··· SOURCE RECORDS ···

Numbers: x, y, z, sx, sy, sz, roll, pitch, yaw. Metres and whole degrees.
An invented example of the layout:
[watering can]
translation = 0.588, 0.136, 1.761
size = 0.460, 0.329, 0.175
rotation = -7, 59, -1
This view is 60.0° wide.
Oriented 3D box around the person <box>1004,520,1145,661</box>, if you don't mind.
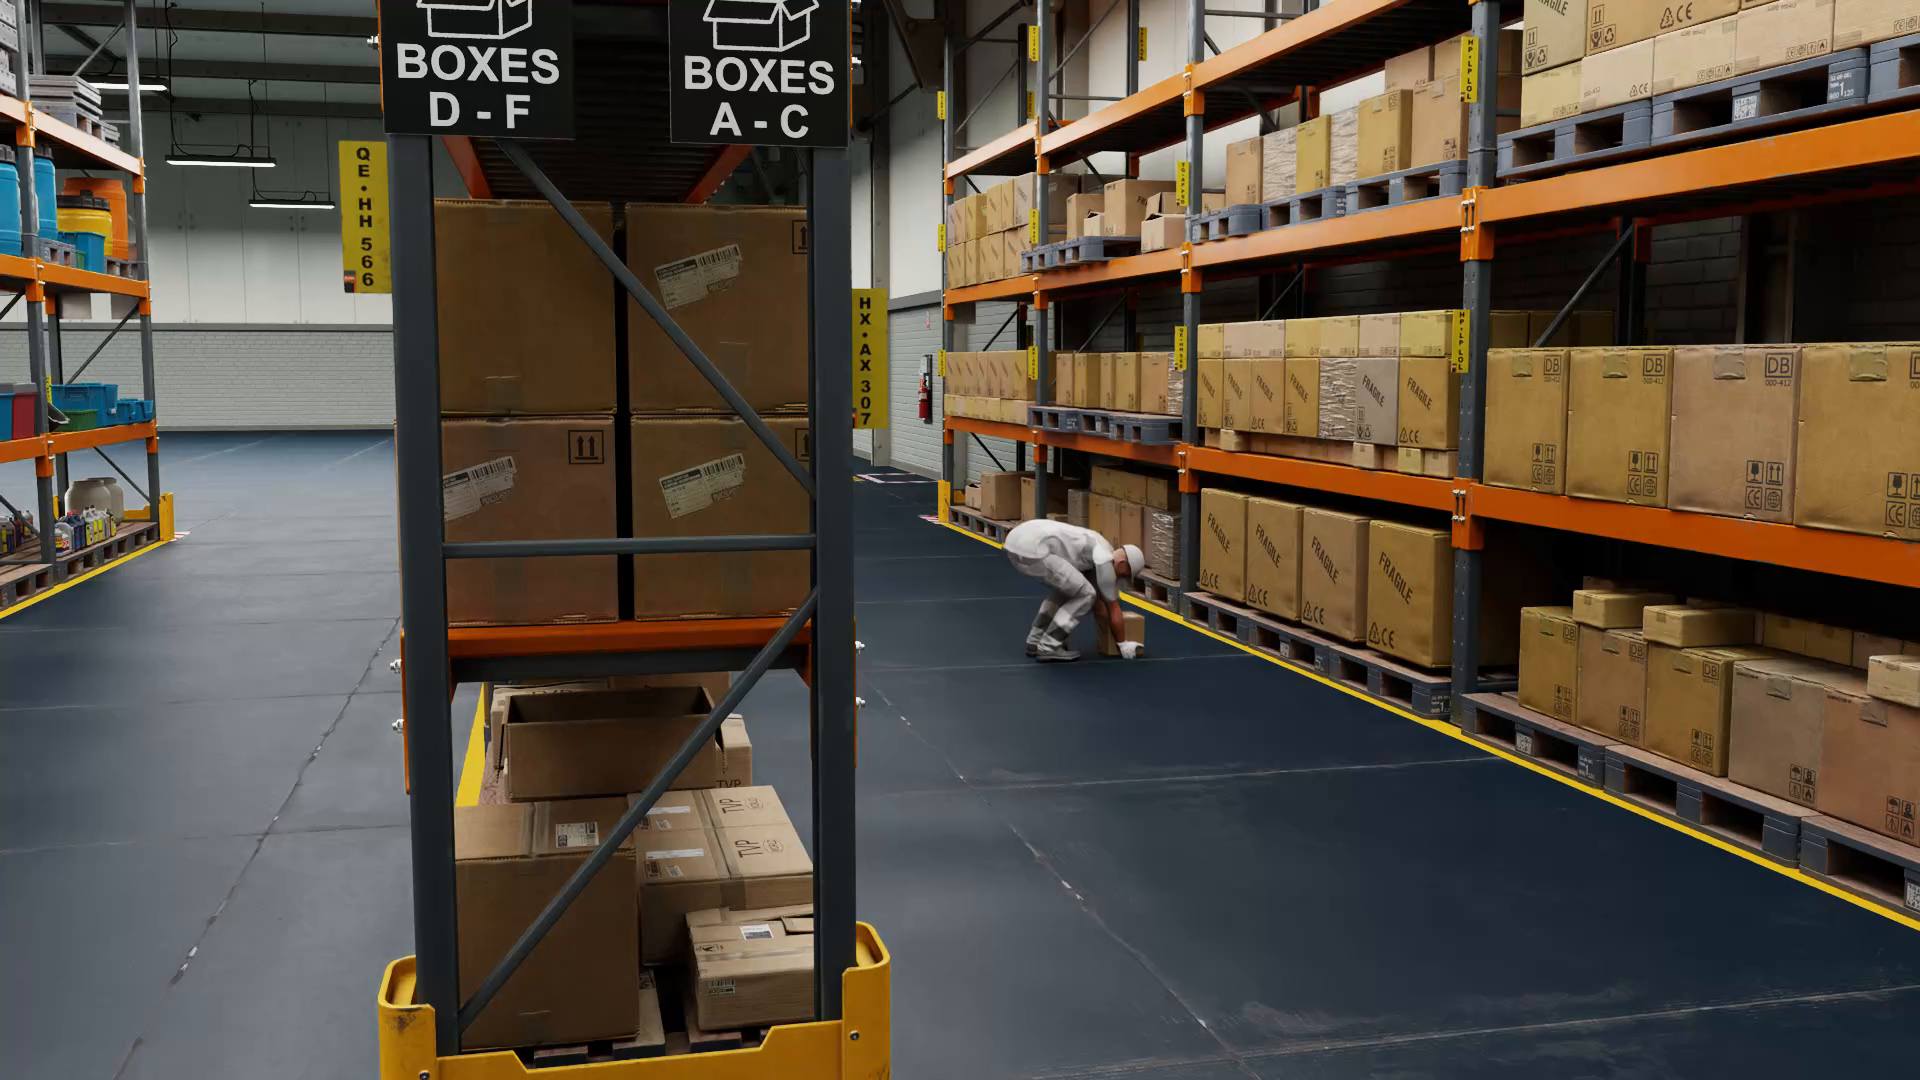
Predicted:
[person]
translation = 0.762, 0.320, 10.950
size = 0.953, 0.923, 0.534
rotation = -2, 6, -16
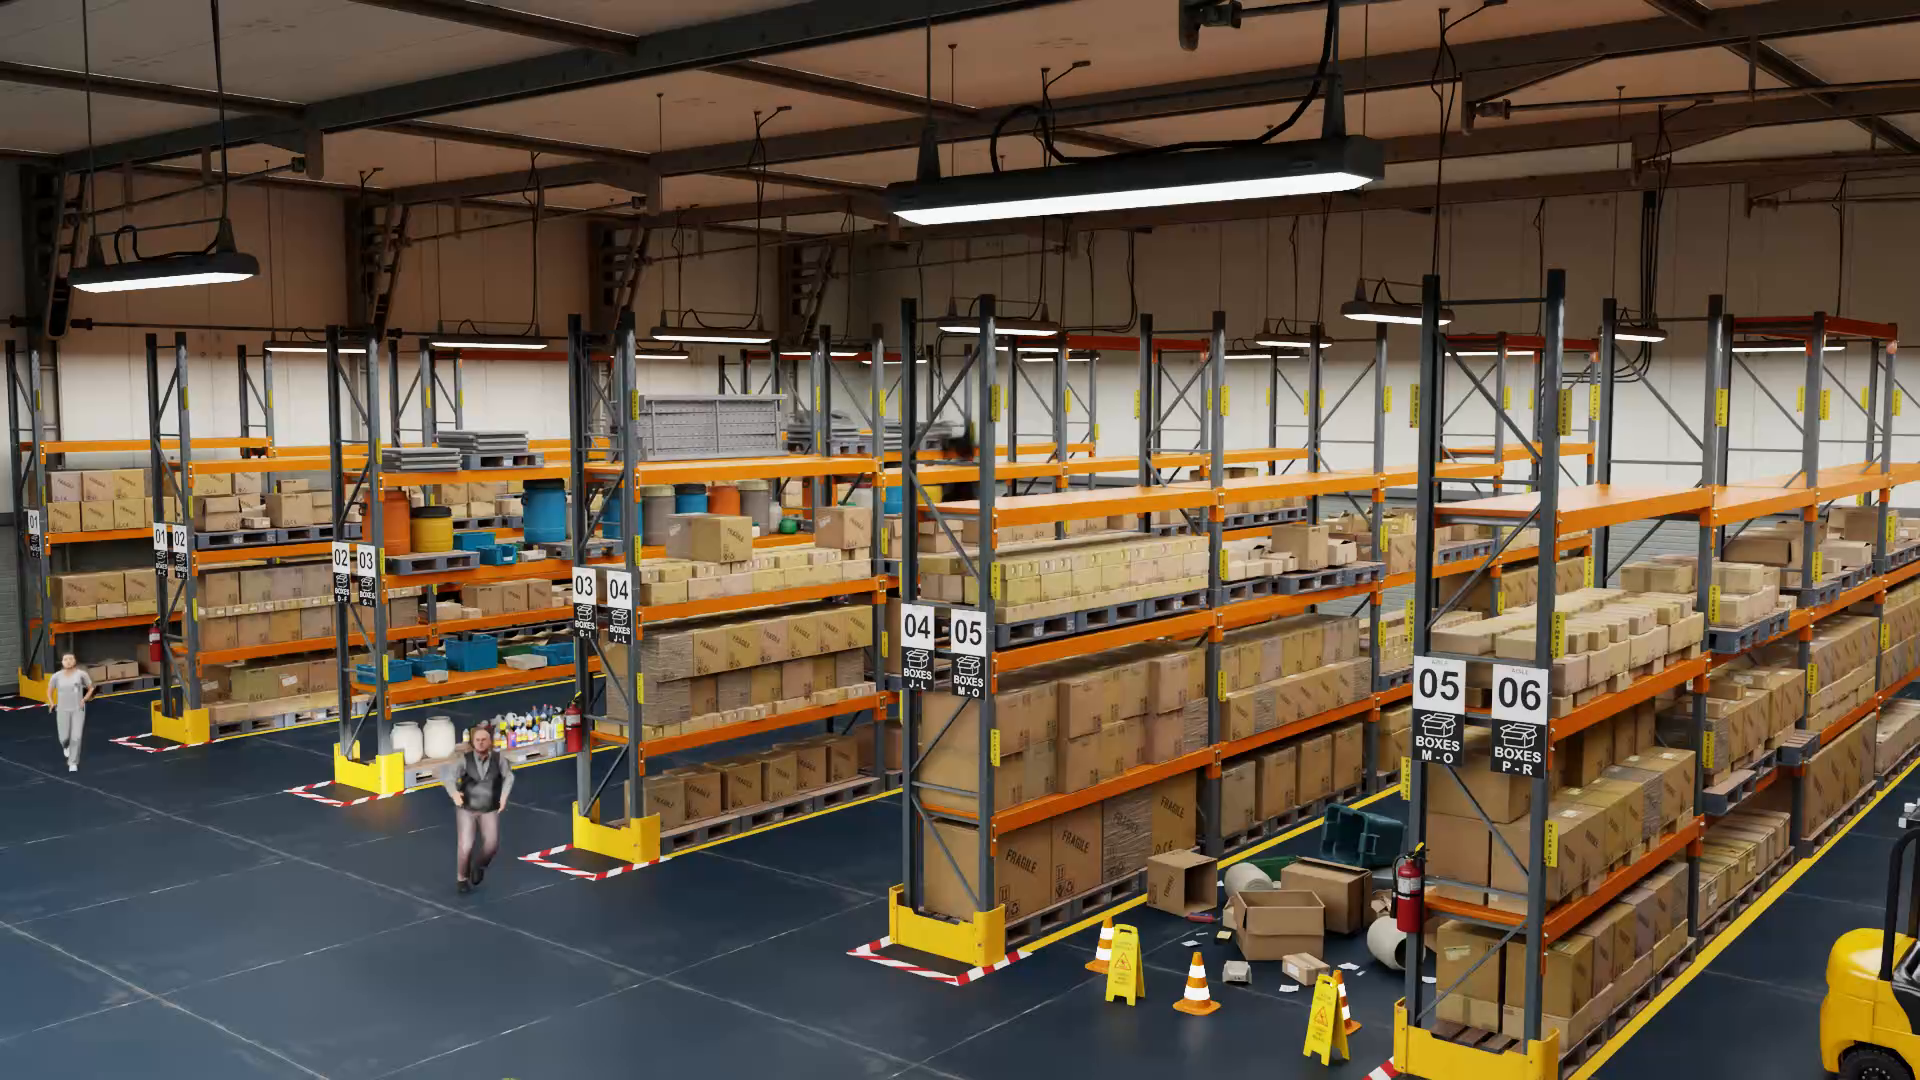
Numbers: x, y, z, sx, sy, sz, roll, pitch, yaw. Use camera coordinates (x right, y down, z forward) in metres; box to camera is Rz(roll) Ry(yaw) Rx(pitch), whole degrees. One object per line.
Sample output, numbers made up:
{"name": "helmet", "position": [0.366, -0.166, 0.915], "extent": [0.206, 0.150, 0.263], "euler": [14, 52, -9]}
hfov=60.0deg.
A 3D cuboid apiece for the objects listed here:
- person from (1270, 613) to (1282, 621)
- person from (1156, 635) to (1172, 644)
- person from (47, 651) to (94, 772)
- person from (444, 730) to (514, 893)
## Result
{"name": "person", "position": [5.049, 1.971, 26.608], "extent": [0.528, 1.641, 0.766], "euler": [3, 6, 30]}
{"name": "person", "position": [2.929, 2.173, 23.920], "extent": [0.557, 1.737, 0.816], "euler": [3, 6, 33]}
{"name": "person", "position": [-12.128, 2.321, 22.690], "extent": [0.575, 1.624, 0.577], "euler": [-2, 6, -26]}
{"name": "person", "position": [-4.931, 2.795, 17.123], "extent": [0.704, 1.674, 0.568], "euler": [-2, 5, -21]}
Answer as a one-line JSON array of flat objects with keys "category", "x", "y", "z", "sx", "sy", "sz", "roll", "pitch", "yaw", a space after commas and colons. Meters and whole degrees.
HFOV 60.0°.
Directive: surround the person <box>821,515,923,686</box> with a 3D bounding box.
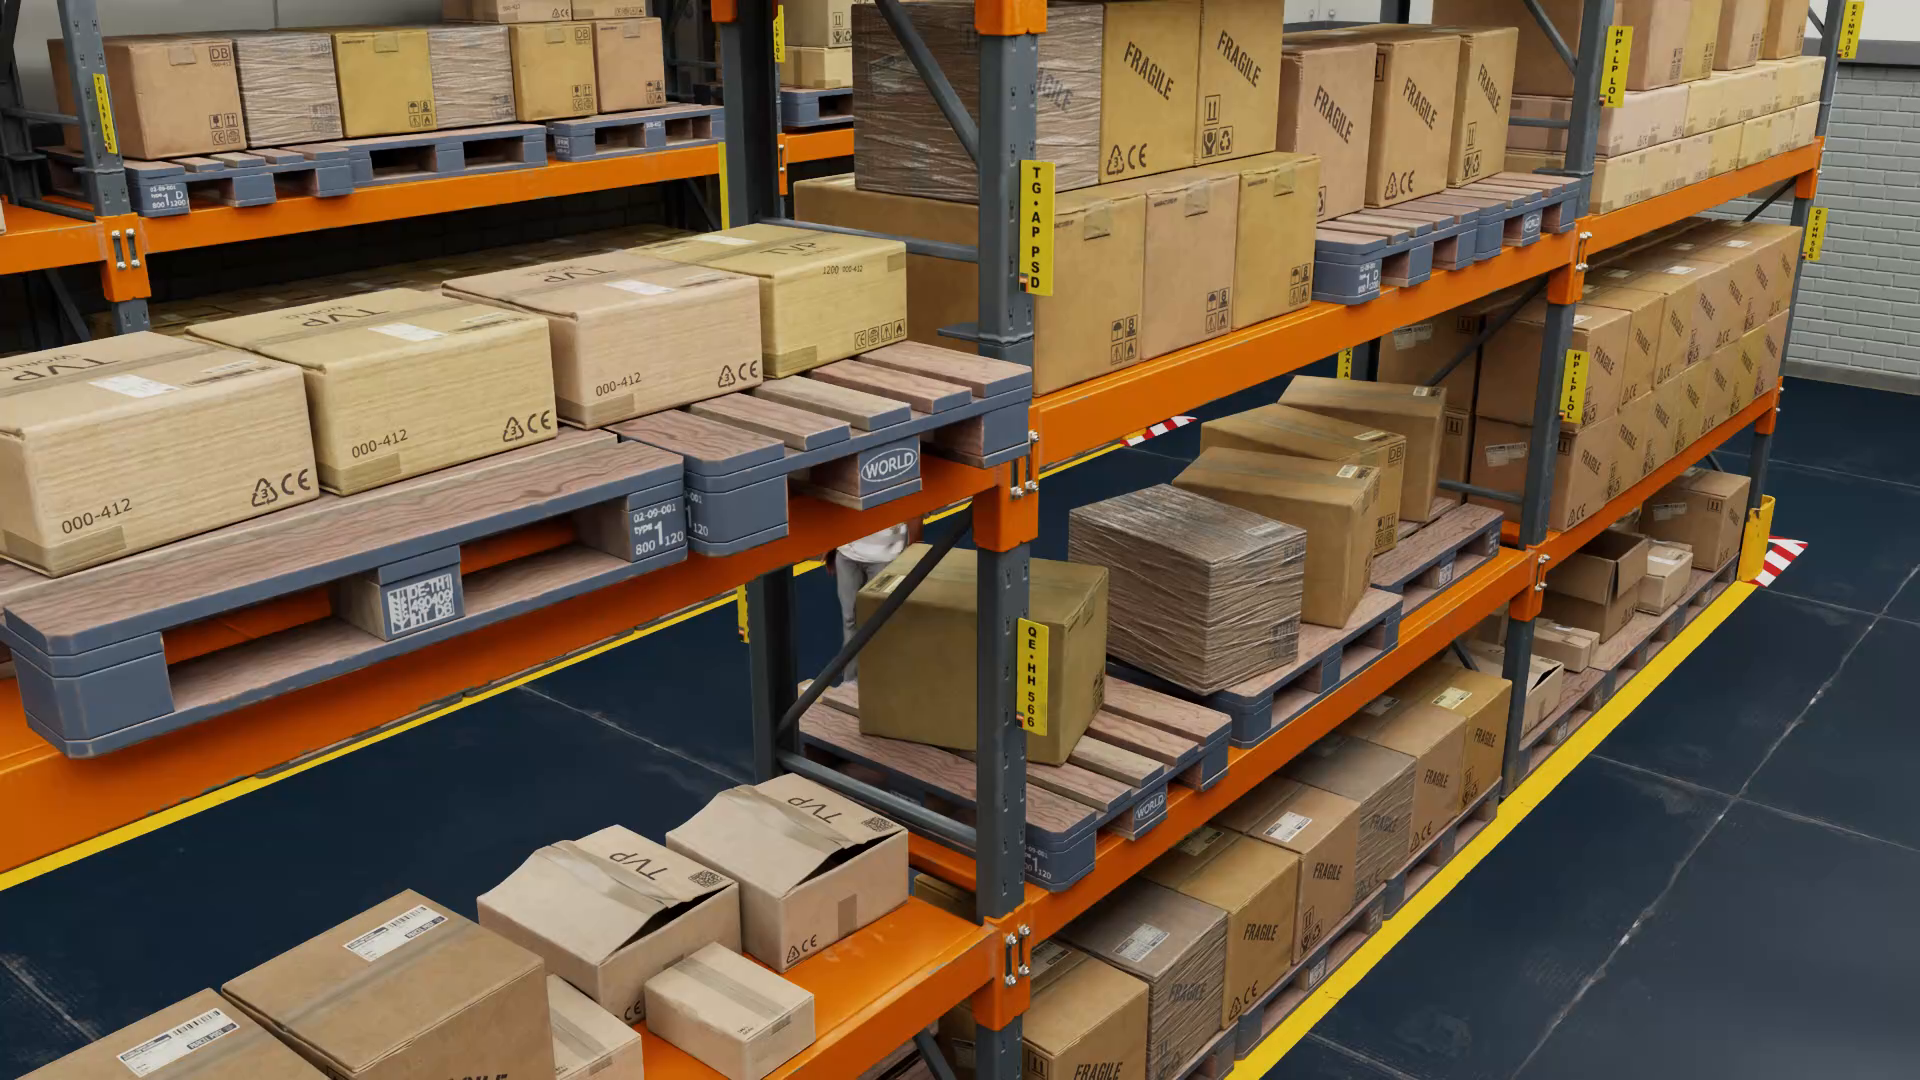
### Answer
[{"category": "person", "x": -0.480, "y": 0.074, "z": 8.835, "sx": 0.589, "sy": 1.778, "sz": 0.616, "roll": 16, "pitch": 25, "yaw": 37}]

···

__THE PROBLEM__: Only the lines from the first line of the records through the line containing "Oriented 3D box" should be repeated, exactly as they appear.

__EXERCISE SOLUTION__:
Numbers: x, y, z, sx, sy, sz, roll, pitch, yaw. Metres and whole degrees.
An invented example of the layout:
[watering can]
translation = 0.588, 0.136, 1.761
size = 0.460, 0.329, 0.175
rotation = -7, 59, -1
This view is 60.0° wide.
Oriented 3D box around the person <box>1004,520,1145,661</box>, if you don't mind.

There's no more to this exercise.